I am trying to pull a large dataset from SQL Server and dedupe the information using Python's dedupe library. I am using pyodbc as the db connector but I cannot figure out how to get the data into the correct format using SQL Server. Works OK on MySQL, but without the Dict row reads, the formatting of the data escapes me. Currently, I'm seeing the following error:
TypeError: row indices must be integers, not str
Here's the code that is trying to build the data:
cur = con.cursor()
print("\n\nExecuiting TOMIS Select")
cur.execute(TOMISSelect)
print("\nSelect Complete")
colHeader = [column[0] for column in cur.description]

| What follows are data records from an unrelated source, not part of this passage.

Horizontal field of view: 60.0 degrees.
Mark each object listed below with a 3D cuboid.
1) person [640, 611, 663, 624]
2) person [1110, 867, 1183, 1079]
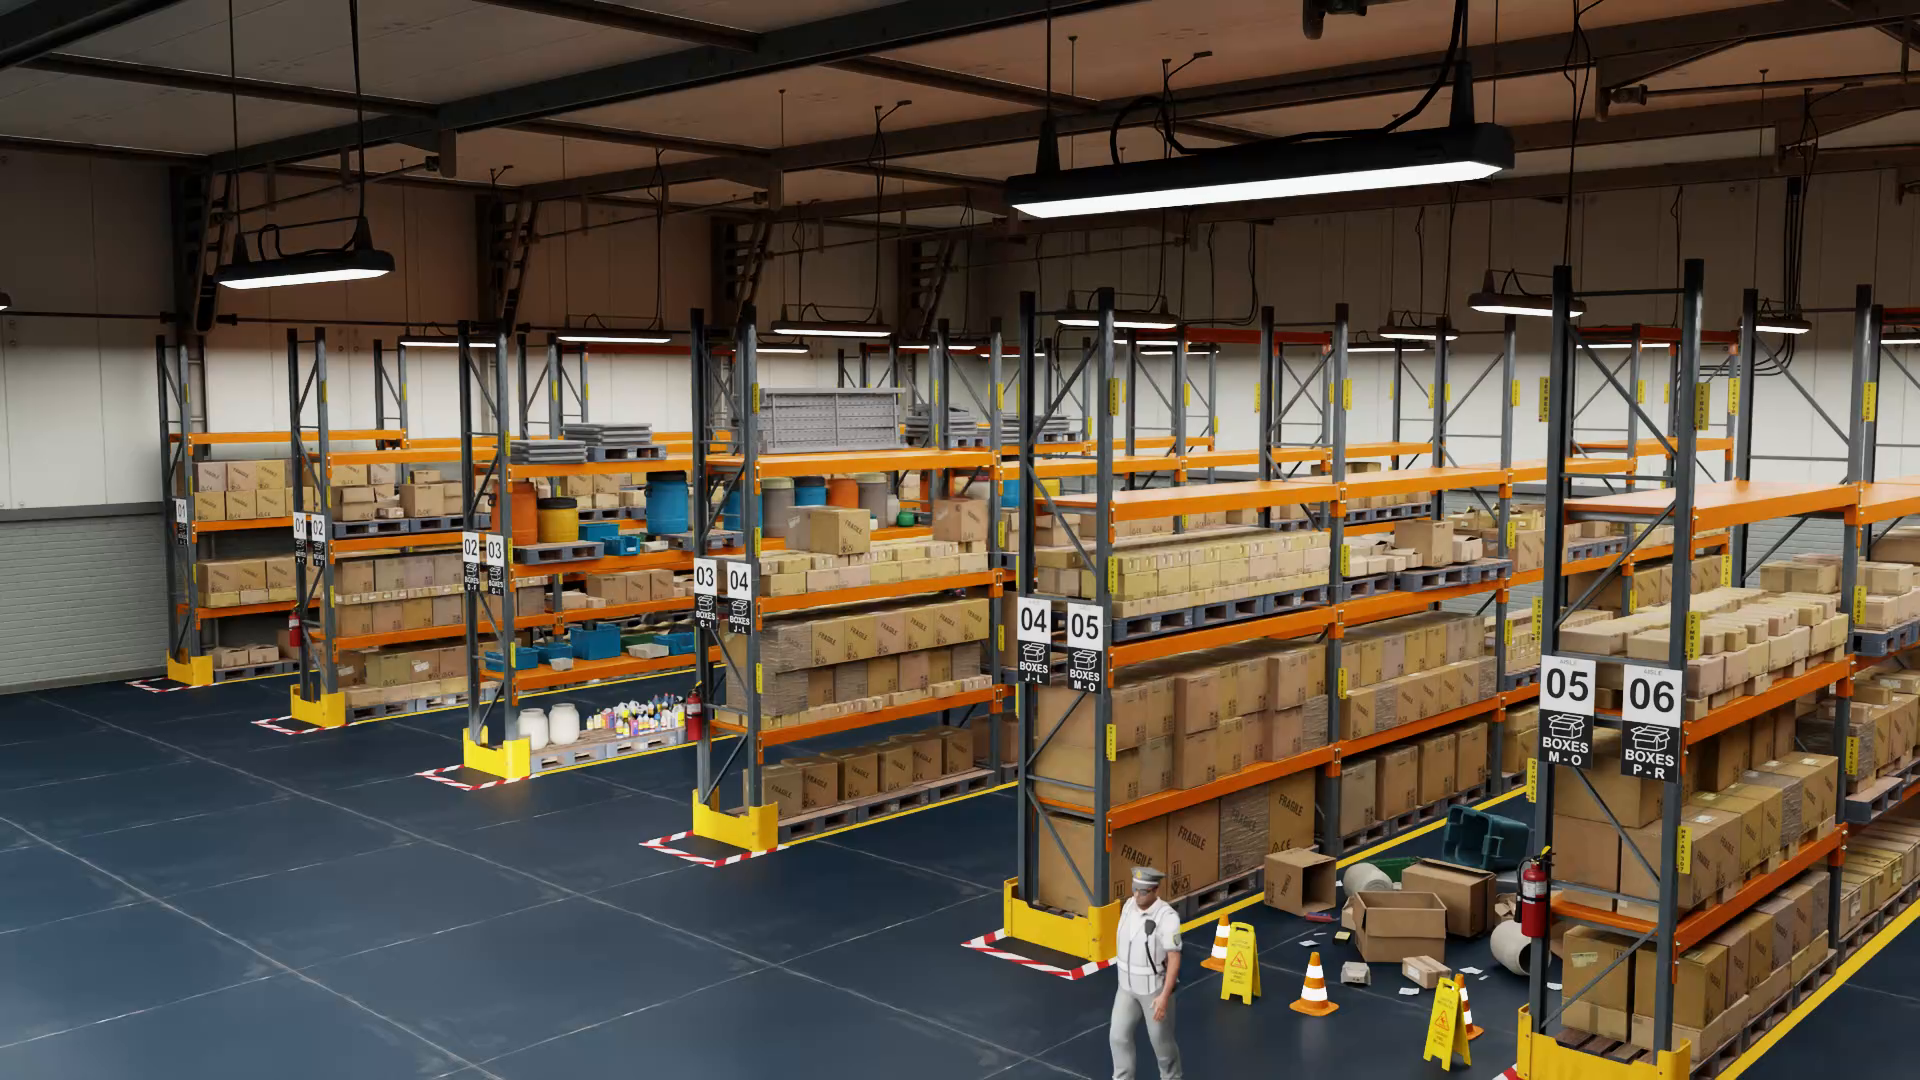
[{"bbox_3d":[-5.992,1.329,32.420,0.462,1.539,0.972,5,7,43],"label":"person"},{"bbox_3d":[1.304,3.207,11.812,0.641,1.784,0.598,-5,7,-44],"label":"person"}]
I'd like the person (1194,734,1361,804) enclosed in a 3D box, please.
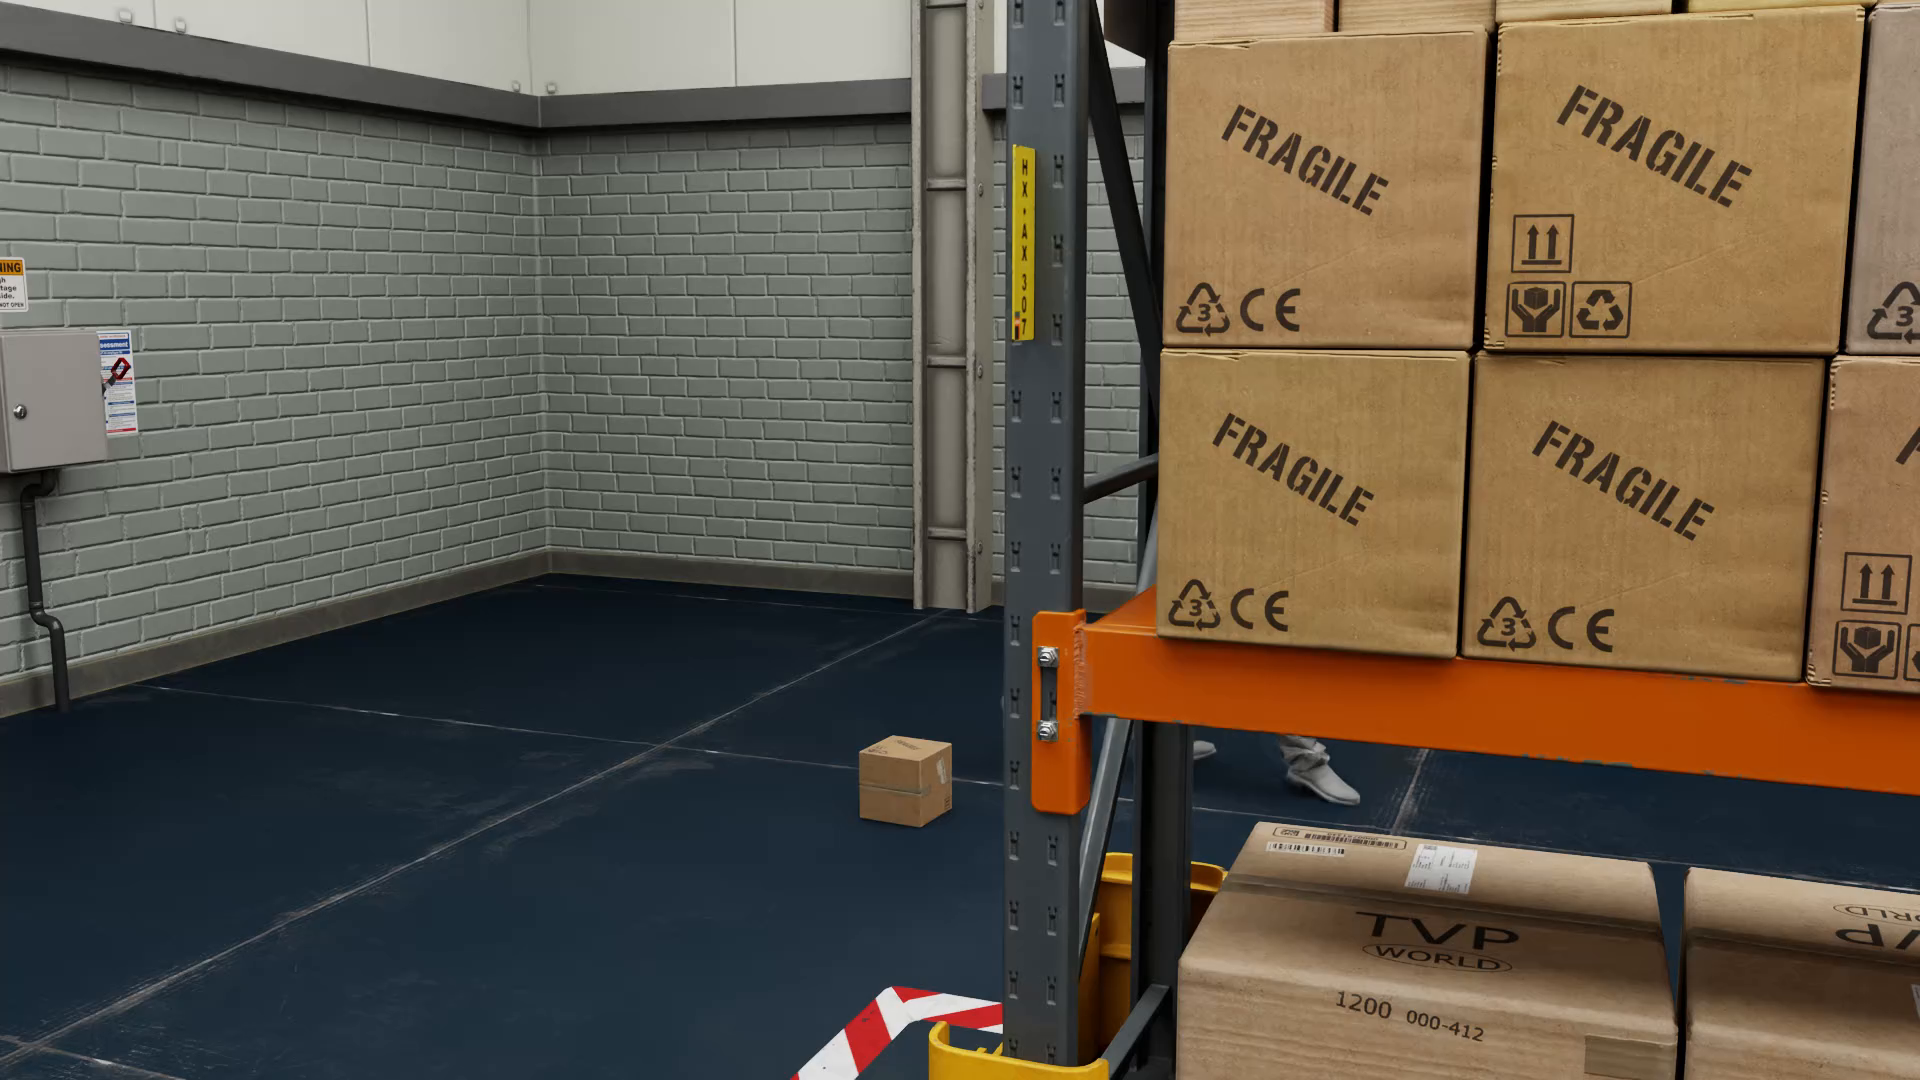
[{"bbox_3d":[1.121,0.068,6.373,0.902,1.779,0.562,3,9,19],"label":"person"}]

temp_d = {0:tuple(colHeader)}
temp_data = {(i+1): row for i, row in enumerate(cur)}
temp_d.update(temp_data)
if os.path.exists(training_file):
print("\nReading labeled examples from ", training_file)
with open(training_file) as tf:
deduper.prepare_training(temp_d, tf)
else:
print("\nManual Training")
deduper.prepare_training(temp_d)
Here's the output and full trace:
Manual Training
Traceback (most recent call last):
File "C:\Users\01-workspace\02-dedupe\TOMISDeDupe\TomisFullDeDupe.py", line 134, in <module>
deduper.prepare_training(temp_d)
File "c:\users\01-workspace\02-dedupe\dedupe\dedupe\api.py", line 806, in prepare_training
self.sample(data, sample_size, blocked_proportion, original_length)

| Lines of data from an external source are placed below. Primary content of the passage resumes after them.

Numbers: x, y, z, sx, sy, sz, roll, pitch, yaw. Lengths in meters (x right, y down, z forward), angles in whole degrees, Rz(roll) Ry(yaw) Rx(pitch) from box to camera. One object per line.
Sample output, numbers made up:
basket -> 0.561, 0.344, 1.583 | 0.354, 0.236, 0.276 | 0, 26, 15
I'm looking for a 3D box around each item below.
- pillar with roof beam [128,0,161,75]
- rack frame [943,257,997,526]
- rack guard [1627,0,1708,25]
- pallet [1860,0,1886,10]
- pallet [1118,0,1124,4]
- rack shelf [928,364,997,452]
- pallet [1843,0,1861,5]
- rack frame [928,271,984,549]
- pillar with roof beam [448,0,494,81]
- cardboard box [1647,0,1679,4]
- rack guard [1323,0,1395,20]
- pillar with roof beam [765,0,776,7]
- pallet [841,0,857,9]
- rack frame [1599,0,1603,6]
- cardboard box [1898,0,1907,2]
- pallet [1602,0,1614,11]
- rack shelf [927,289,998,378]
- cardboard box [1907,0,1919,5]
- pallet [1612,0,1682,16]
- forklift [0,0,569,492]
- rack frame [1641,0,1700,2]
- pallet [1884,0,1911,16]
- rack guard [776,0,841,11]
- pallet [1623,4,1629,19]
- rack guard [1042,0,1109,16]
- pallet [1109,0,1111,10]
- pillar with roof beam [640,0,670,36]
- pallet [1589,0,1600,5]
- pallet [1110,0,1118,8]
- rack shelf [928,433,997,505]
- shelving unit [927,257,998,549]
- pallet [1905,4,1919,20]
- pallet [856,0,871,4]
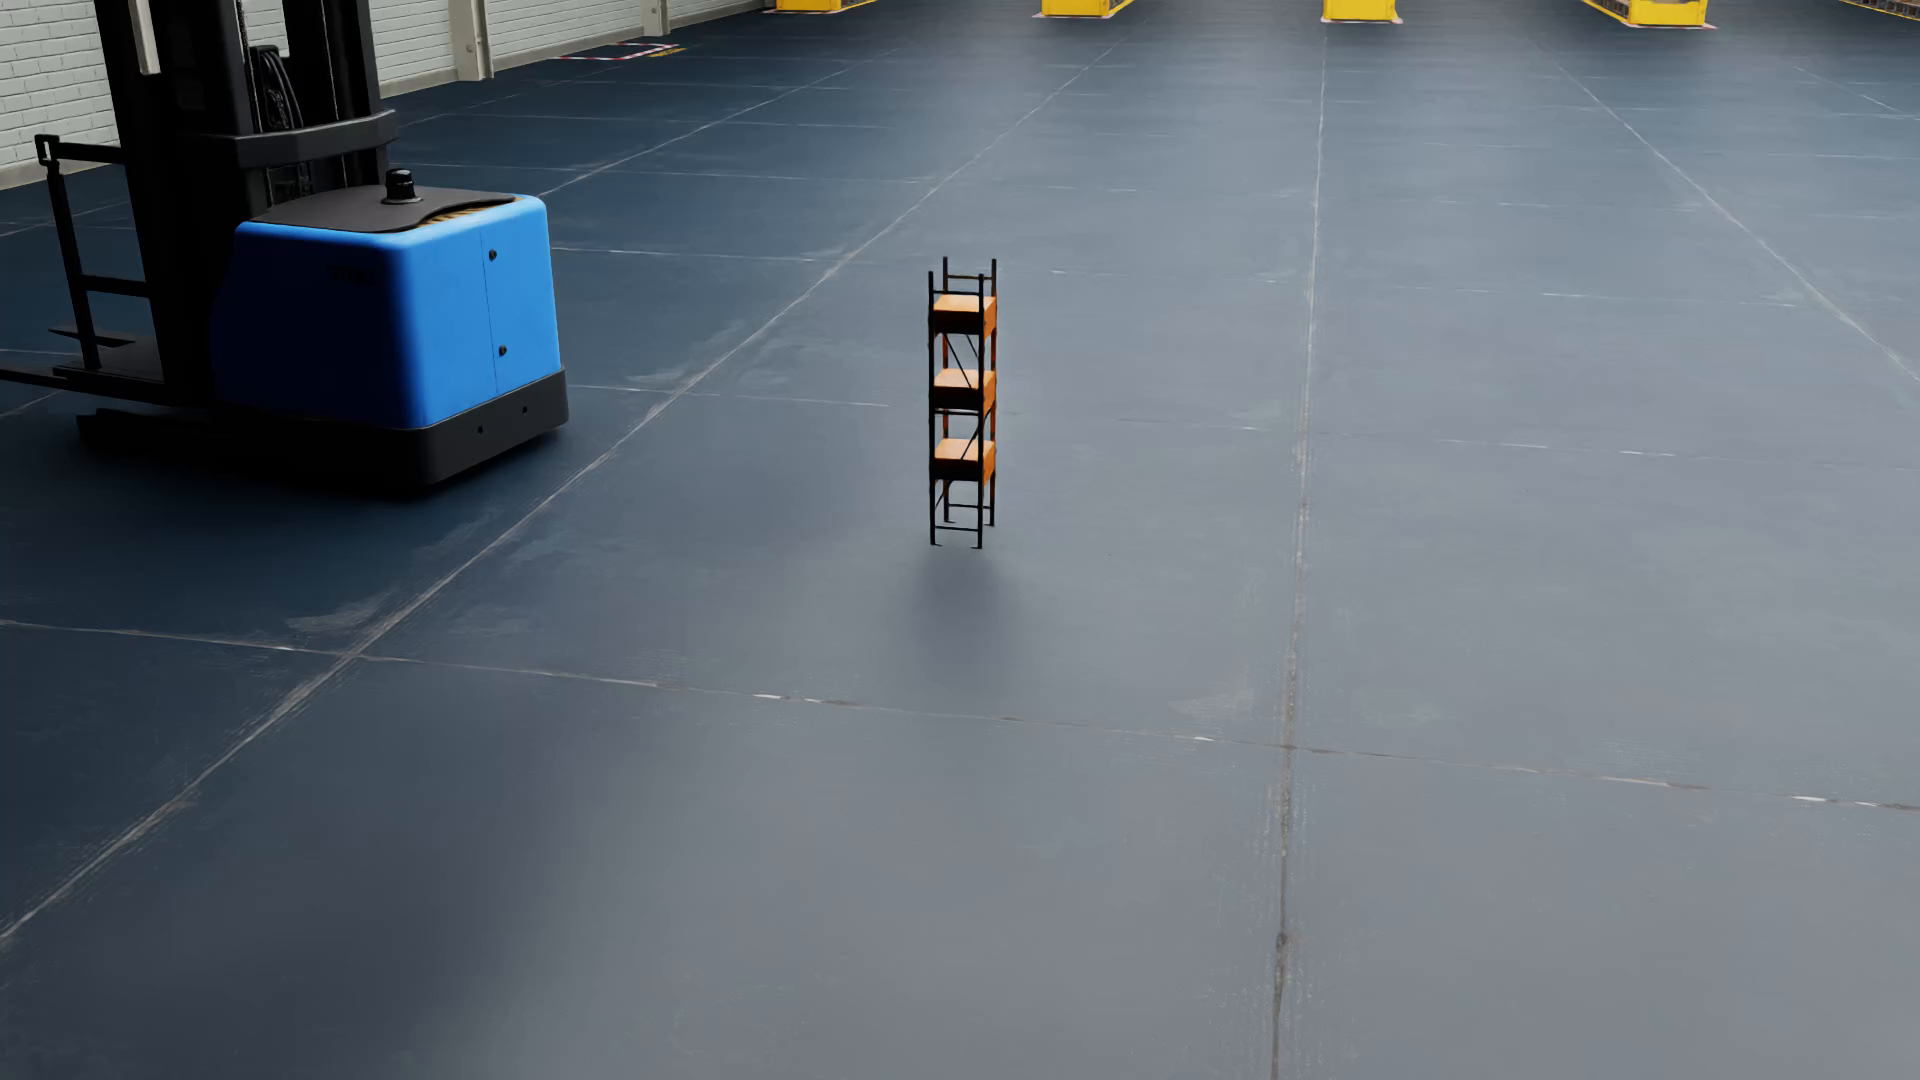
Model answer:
pillar with roof beam -> -2.958, -7.309, 12.457 | 9.100, 9.000, 0.400 | 4, 22, 11
rack frame -> 0.036, -0.551, 6.317 | 0.200, 1.050, 0.008 | 4, 22, 11
rack guard -> 11.768, -8.851, 27.662 | 1.175, 0.500, 0.348 | 4, 22, 11
pallet -> 17.487, -10.025, 30.964 | 1.003, 0.211, 1.213 | 4, 22, 11
pallet -> 2.668, -10.621, 32.444 | 1.003, 0.211, 1.213 | 4, 22, 11
rack shelf -> 0.011, -0.497, 6.210 | 0.215, 0.259, 0.240 | 4, 22, 11
pallet -> 17.734, -10.473, 32.075 | 1.003, 0.211, 1.213 | 4, 22, 11
rack frame -> -0.014, -0.462, 6.095 | 0.200, 1.050, 0.008 | 4, 22, 11
pillar with roof beam -> -1.733, -9.504, 17.906 | 9.100, 9.000, 0.400 | 4, 22, 11
cardboard box -> 11.896, -9.246, 28.079 | 0.500, 0.500, 0.500 | 9, 24, 21
rack guard -> 6.873, -9.233, 28.609 | 1.175, 0.500, 0.348 | 4, 22, 11
pillar with roof beam -> 0.715, -13.892, 28.803 | 9.100, 9.000, 0.400 | 4, 22, 11
pallet -> -2.579, -10.145, 31.260 | 1.003, 0.211, 1.213 | 4, 22, 11
rack frame -> 12.569, -11.446, 30.759 | 1.000, 3.000, 0.127 | 4, 22, 11
cardboard box -> 17.207, -10.015, 29.489 | 0.875, 0.875, 0.875 | 5, 22, 12
pallet -> 12.466, -9.904, 30.663 | 1.003, 0.211, 1.213 | 4, 22, 11
rack shelf -> 0.011, -0.760, 6.104 | 0.215, 0.259, 0.240 | 4, 22, 11
cardboard box -> 17.026, -9.686, 28.669 | 0.875, 0.875, 0.875 | 5, 22, 11
pallet -> 12.219, -9.457, 29.552 | 1.003, 0.211, 1.213 | 4, 22, 11
forklift -> -3.330, -1.900, 7.147 | 3.031, 2.935, 1.130 | 9, 24, 22
rack frame -> 11.752, -9.983, 27.126 | 1.000, 3.000, 0.127 | 4, 22, 11
pallet -> 17.172, -9.465, 29.573 | 1.003, 0.211, 1.213 | 4, 22, 11
rack guard -> -2.780, -9.984, 30.475 | 1.175, 0.500, 0.348 | 4, 22, 11
pallet -> 11.968, -9.012, 28.447 | 1.003, 0.211, 1.213 | 4, 22, 11
rack guard -> 2.050, -9.571, 29.450 | 1.175, 0.500, 0.348 | 4, 22, 11
pallet -> 2.170, -9.729, 30.228 | 1.003, 0.211, 1.213 | 4, 22, 11
pillar with roof beam -> -0.509, -11.698, 23.354 | 9.100, 9.000, 0.400 | 4, 22, 11
pallet -> 12.726, -10.437, 31.987 | 1.003, 0.211, 1.213 | 4, 22, 11
pallet -> 2.421, -10.174, 31.333 | 1.003, 0.211, 1.213 | 4, 22, 11
rack shelf -> 0.011, -0.239, 6.314 | 0.215, 0.259, 0.240 | 4, 22, 11
shelving unit -> 0.011, -0.507, 6.206 | 0.215, 1.050, 0.252 | 4, 22, 11
pallet -> 16.925, -9.018, 28.462 | 1.003, 0.211, 1.213 | 4, 22, 11
pallet -> -2.328, -10.589, 32.364 | 1.003, 0.211, 1.213 | 4, 22, 11

File "c:\users\01-workspace\02-dedupe\dedupe\dedupe\api.py", line 838, in sample
index_include=examples)
File "c:\users\01-workspace\02-dedupe\dedupe\dedupe\labeler.py", line 403, in __init__
self.candidates = super().sample(data, blocked_proportion, sample_size)
File "c:\users\01-workspace\02-dedupe\dedupe\dedupe\labeler.py", line 43, in sample
data)
File "c:\users\01-workspace\02-dedupe\dedupe\dedupe\sampling.py", line 22, in blockedSample
*args))
File "c:\users\01-workspace\02-dedupe\dedupe\dedupe\sampling.py", line 62, in dedupeSamplePredicates
items)
File "c:\users\01-workspace\02-dedupe\dedupe\dedupe\sampling.py", line 73, in dedupeSamplePredicate
column = record[field]
TypeError: row indices must be integers, not str
I have tried multiple different methods for reading the data from SQL Server to no avail - The MySQL queries dump the data into the correct dictionary format, and I can't seem to get the data in the correct format using SQL Server.